Troubleshooting & Gotchas

  • Running averages drift because of unfiltered quality codes. A single BAD or UNCERTAIN reading that slips past the mask skews the mean for the entire window. Confirm QUALITY_SEVERITY_MASK matches your gateway’s status encoding and quarantine — never silently zero — any non-GOOD point.
  • Phantom exceedances after a maintenance window. Calibration spikes decode as real readings unless tagged. Ensure the edge sets calibration_flag=True during service so ingest drops those points before they reach _evaluate.
  • window_days pruning overflows twice a year. A naive day-count subtraction breaks across DST and month boundaries. The _prune_window cutoff uses timedelta(days=...) against UTC-anchored timestamps for exactly this reason — normalize timestamps to UTC at ingestion before any window math.
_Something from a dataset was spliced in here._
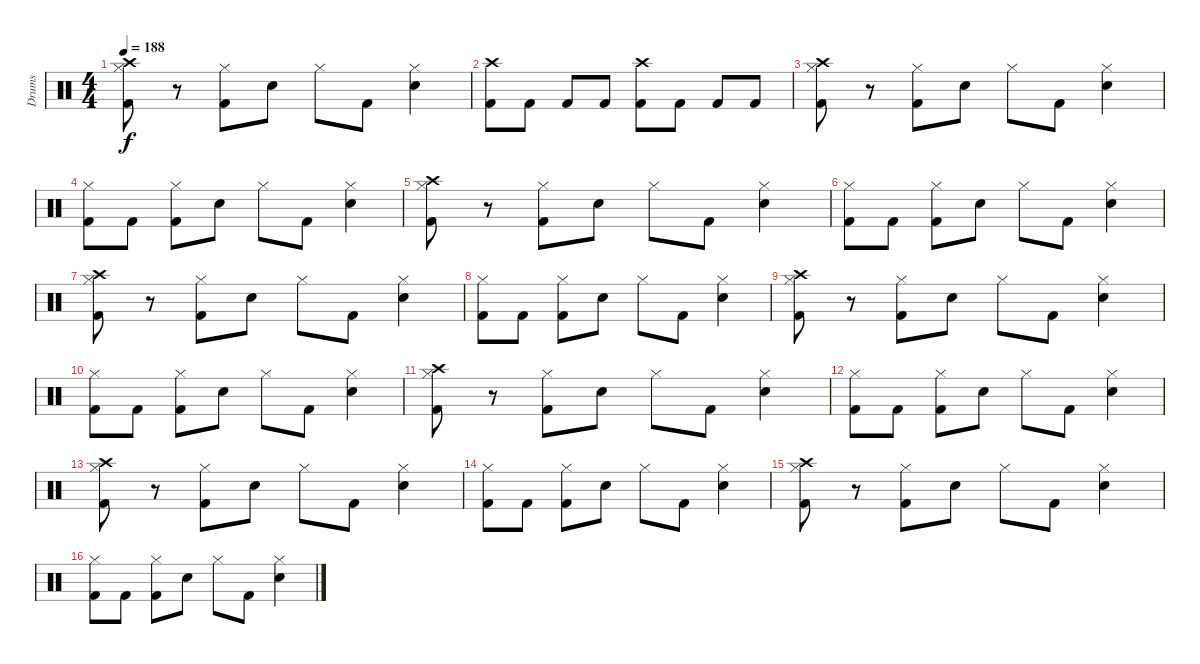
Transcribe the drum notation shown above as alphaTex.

  • percentile_90 returns nothing on a fresh stream. By design: the branch requires len(self.history) >= 5 for statistical validity. Backfill the window from the historian on startup, or accept that the first four samples cannot trigger a Lead and Copper Rule evaluation.
  • Silent violation loss during a broker outage. If you bypass ExceedanceRouter and dispatch directly, a downstream failure drops the event with no trace. Always route through the circuit breaker and dead-letter queue so a webhook or SMTP outage becomes a replayable DLQ entry rather than a regulatory reporting gap.